======== Dataset records

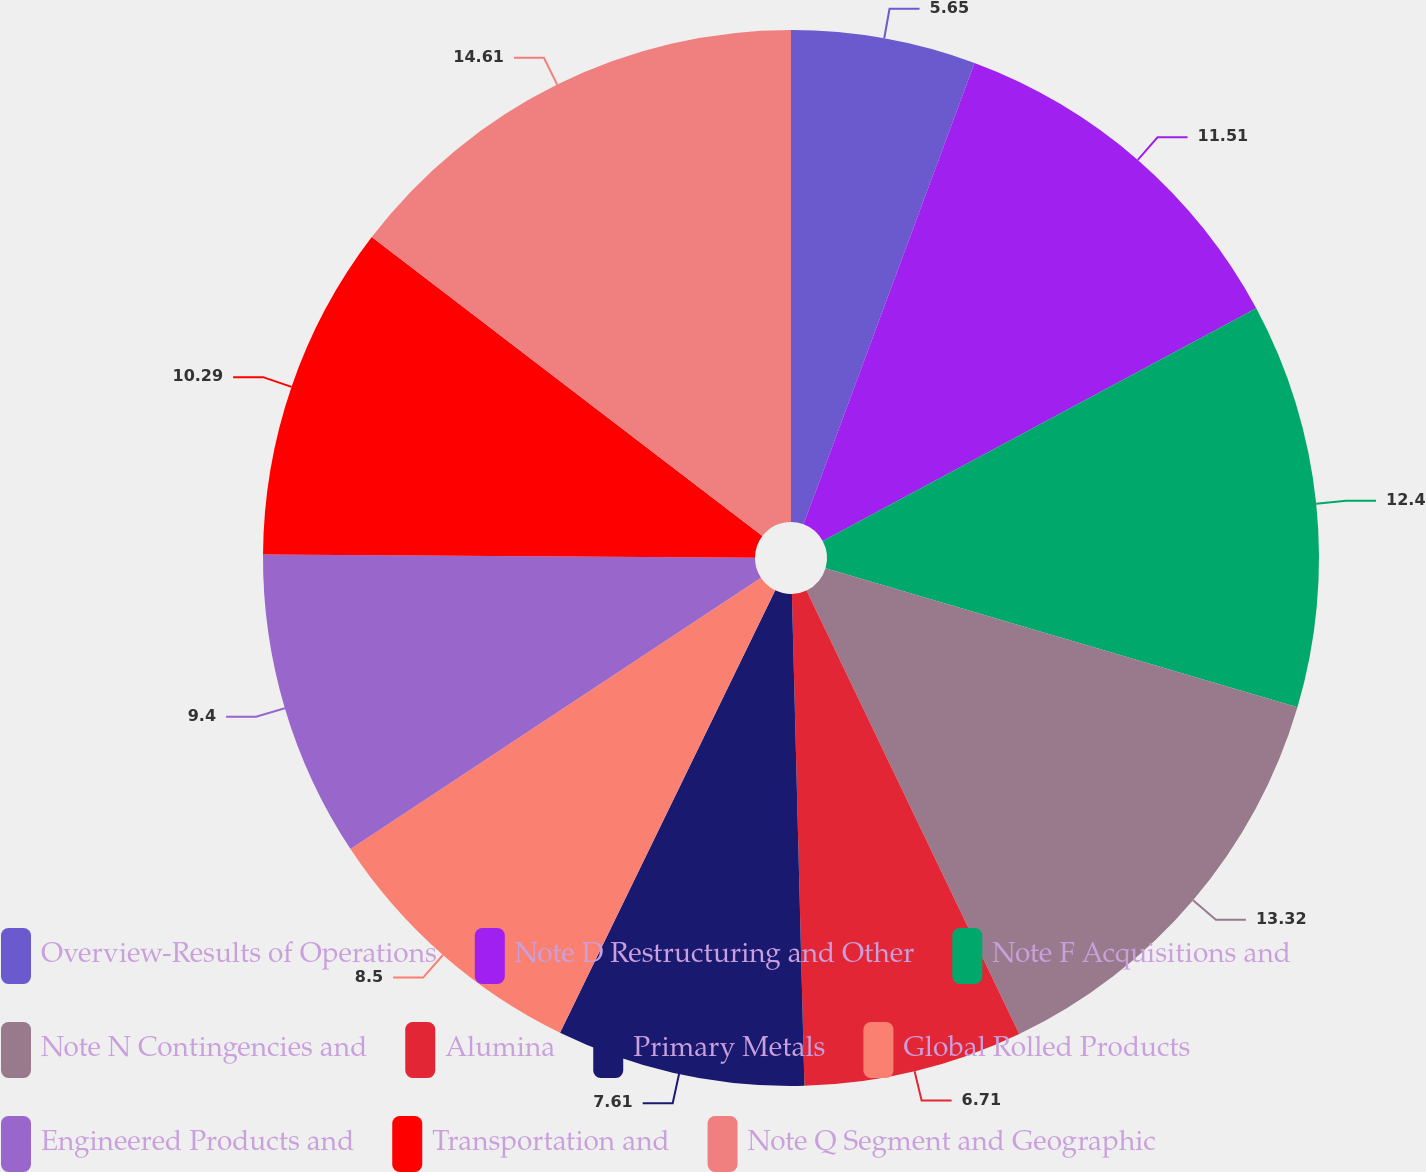Convert chart. <chart><loc_0><loc_0><loc_500><loc_500><pie_chart><fcel>Overview-Results of Operations<fcel>Note D Restructuring and Other<fcel>Note F Acquisitions and<fcel>Note N Contingencies and<fcel>Alumina<fcel>Primary Metals<fcel>Global Rolled Products<fcel>Engineered Products and<fcel>Transportation and<fcel>Note Q Segment and Geographic<nl><fcel>5.65%<fcel>11.51%<fcel>12.4%<fcel>13.32%<fcel>6.71%<fcel>7.61%<fcel>8.5%<fcel>9.4%<fcel>10.29%<fcel>14.6%<nl></chart> 
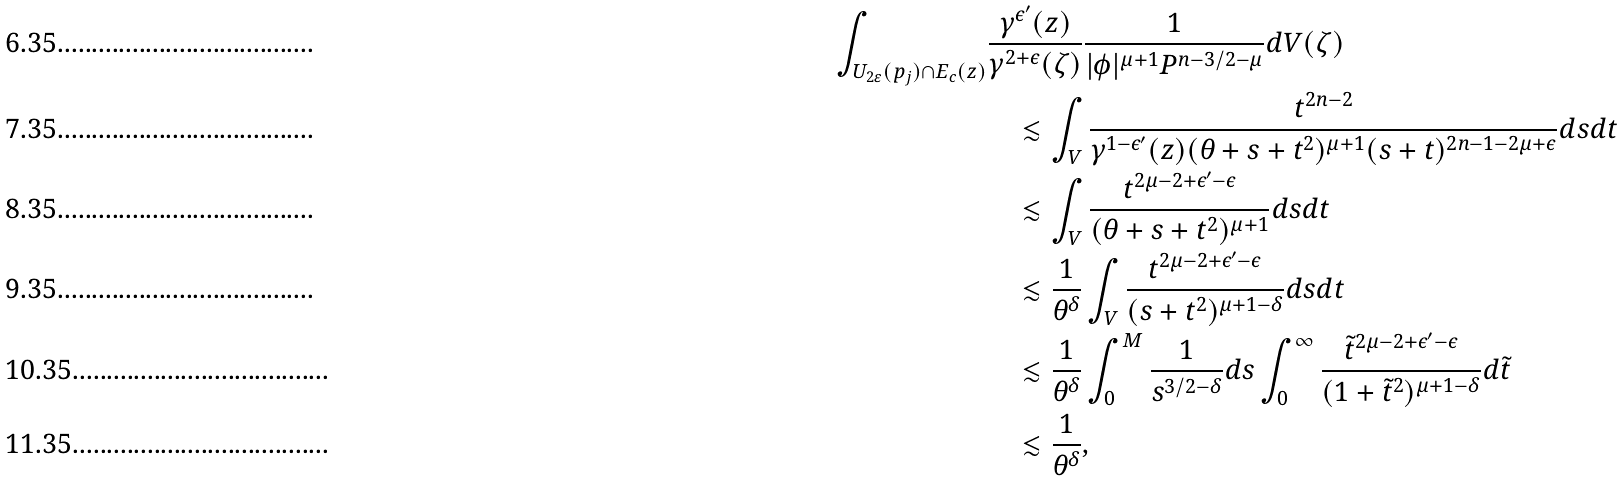<formula> <loc_0><loc_0><loc_500><loc_500>\int _ { U _ { 2 \varepsilon } ( p _ { j } ) \cap E _ { c } ( z ) } & \frac { \gamma ^ { \epsilon ^ { \prime } } ( z ) } { \gamma ^ { 2 + \epsilon } ( \zeta ) } \frac { 1 } { | \phi | ^ { \mu + 1 } P ^ { n - 3 / 2 - \mu } } d V ( \zeta ) \\ & \quad \lesssim \int _ { V } \frac { t ^ { 2 n - 2 } } { \gamma ^ { 1 - \epsilon ^ { \prime } } ( z ) ( \theta + s + t ^ { 2 } ) ^ { \mu + 1 } ( s + t ) ^ { 2 n - 1 - 2 \mu + \epsilon } } d s d t \\ & \quad \lesssim \int _ { V } \frac { t ^ { 2 \mu - 2 + \epsilon ^ { \prime } - \epsilon } } { ( \theta + s + t ^ { 2 } ) ^ { \mu + 1 } } d s d t \\ & \quad \lesssim \frac { 1 } { \theta ^ { \delta } } \int _ { V } \frac { t ^ { 2 \mu - 2 + \epsilon ^ { \prime } - \epsilon } } { ( s + t ^ { 2 } ) ^ { \mu + 1 - \delta } } d s d t \\ & \quad \lesssim \frac { 1 } { \theta ^ { \delta } } \int _ { 0 } ^ { M } \frac { 1 } { s ^ { 3 / 2 - \delta } } d s \int _ { 0 } ^ { \infty } \frac { \tilde { t } ^ { 2 \mu - 2 + \epsilon ^ { \prime } - \epsilon } } { ( 1 + \tilde { t } ^ { 2 } ) ^ { \mu + 1 - \delta } } d \tilde { t } \\ & \quad \lesssim \frac { 1 } { \theta ^ { \delta } } ,</formula> 
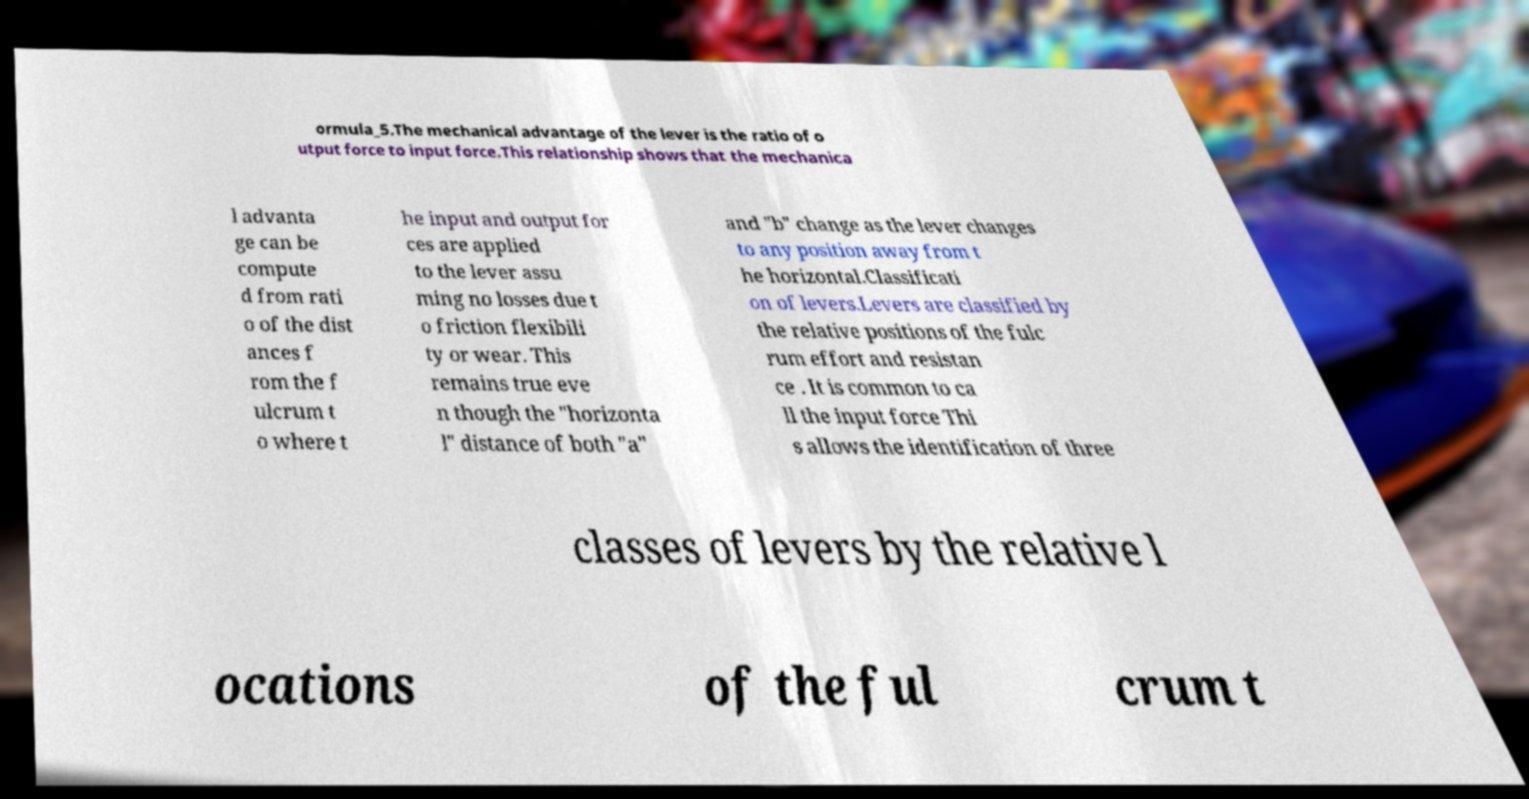I need the written content from this picture converted into text. Can you do that? ormula_5.The mechanical advantage of the lever is the ratio of o utput force to input force.This relationship shows that the mechanica l advanta ge can be compute d from rati o of the dist ances f rom the f ulcrum t o where t he input and output for ces are applied to the lever assu ming no losses due t o friction flexibili ty or wear. This remains true eve n though the "horizonta l" distance of both "a" and "b" change as the lever changes to any position away from t he horizontal.Classificati on of levers.Levers are classified by the relative positions of the fulc rum effort and resistan ce . It is common to ca ll the input force Thi s allows the identification of three classes of levers by the relative l ocations of the ful crum t 
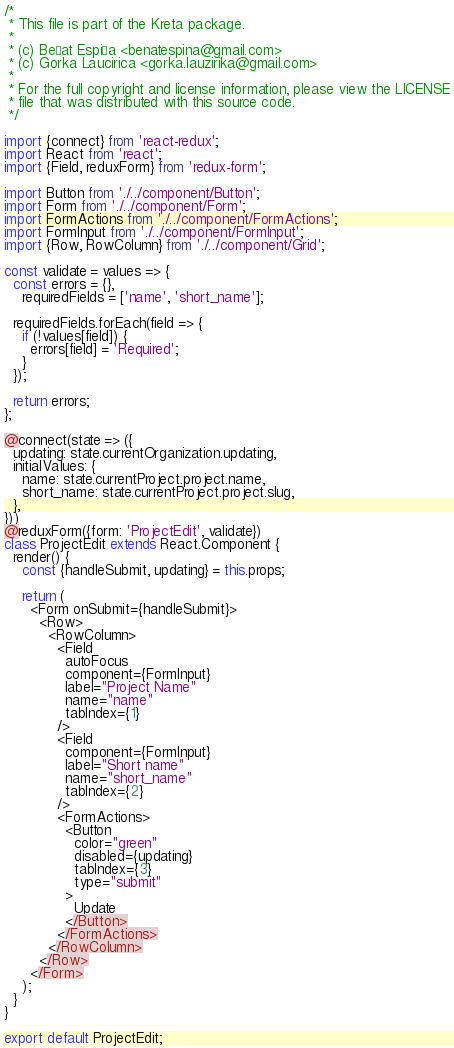Convert code to text. <code><loc_0><loc_0><loc_500><loc_500><_JavaScript_>/*
 * This file is part of the Kreta package.
 *
 * (c) Beñat Espiña <benatespina@gmail.com>
 * (c) Gorka Laucirica <gorka.lauzirika@gmail.com>
 *
 * For the full copyright and license information, please view the LICENSE
 * file that was distributed with this source code.
 */

import {connect} from 'react-redux';
import React from 'react';
import {Field, reduxForm} from 'redux-form';

import Button from './../component/Button';
import Form from './../component/Form';
import FormActions from './../component/FormActions';
import FormInput from './../component/FormInput';
import {Row, RowColumn} from './../component/Grid';

const validate = values => {
  const errors = {},
    requiredFields = ['name', 'short_name'];

  requiredFields.forEach(field => {
    if (!values[field]) {
      errors[field] = 'Required';
    }
  });

  return errors;
};

@connect(state => ({
  updating: state.currentOrganization.updating,
  initialValues: {
    name: state.currentProject.project.name,
    short_name: state.currentProject.project.slug,
  },
}))
@reduxForm({form: 'ProjectEdit', validate})
class ProjectEdit extends React.Component {
  render() {
    const {handleSubmit, updating} = this.props;

    return (
      <Form onSubmit={handleSubmit}>
        <Row>
          <RowColumn>
            <Field
              autoFocus
              component={FormInput}
              label="Project Name"
              name="name"
              tabIndex={1}
            />
            <Field
              component={FormInput}
              label="Short name"
              name="short_name"
              tabIndex={2}
            />
            <FormActions>
              <Button
                color="green"
                disabled={updating}
                tabIndex={3}
                type="submit"
              >
                Update
              </Button>
            </FormActions>
          </RowColumn>
        </Row>
      </Form>
    );
  }
}

export default ProjectEdit;
</code> 
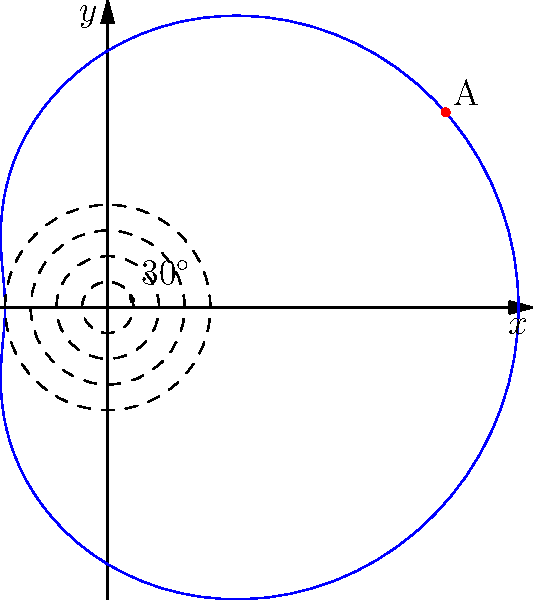A meteor's trajectory through Earth's atmosphere is modeled by the polar equation $r = 5 + 3\cos(\theta)$, where $r$ is in kilometers. At what angle $\theta$ (in radians) does the meteor reach its closest point to Earth's surface, and what is this minimum distance? To find the closest point to Earth's surface and its corresponding angle, we need to follow these steps:

1) The distance from Earth's surface is minimized when $r$ is at its minimum value.

2) To find the minimum value of $r$, we need to differentiate $r$ with respect to $\theta$ and set it to zero:

   $$\frac{dr}{d\theta} = -3\sin(\theta)$$

3) Setting this equal to zero:
   $$-3\sin(\theta) = 0$$
   $$\sin(\theta) = 0$$

4) The solutions to this equation are $\theta = 0, \pi, 2\pi, ...$ 

5) To determine which of these gives the minimum $r$, we substitute these values back into the original equation:

   For $\theta = 0$ or $2\pi$: $r = 5 + 3 = 8$
   For $\theta = \pi$: $r = 5 - 3 = 2$

6) The minimum value of $r$ occurs when $\theta = \pi$ radians.

7) The minimum distance from Earth's surface is therefore 2 kilometers.
Answer: $\theta = \pi$ radians, 2 km

================

» **Required work**
The answer should be one number, namely how many lines of the entries above include the string "label".

» **Reply to the exercise**
2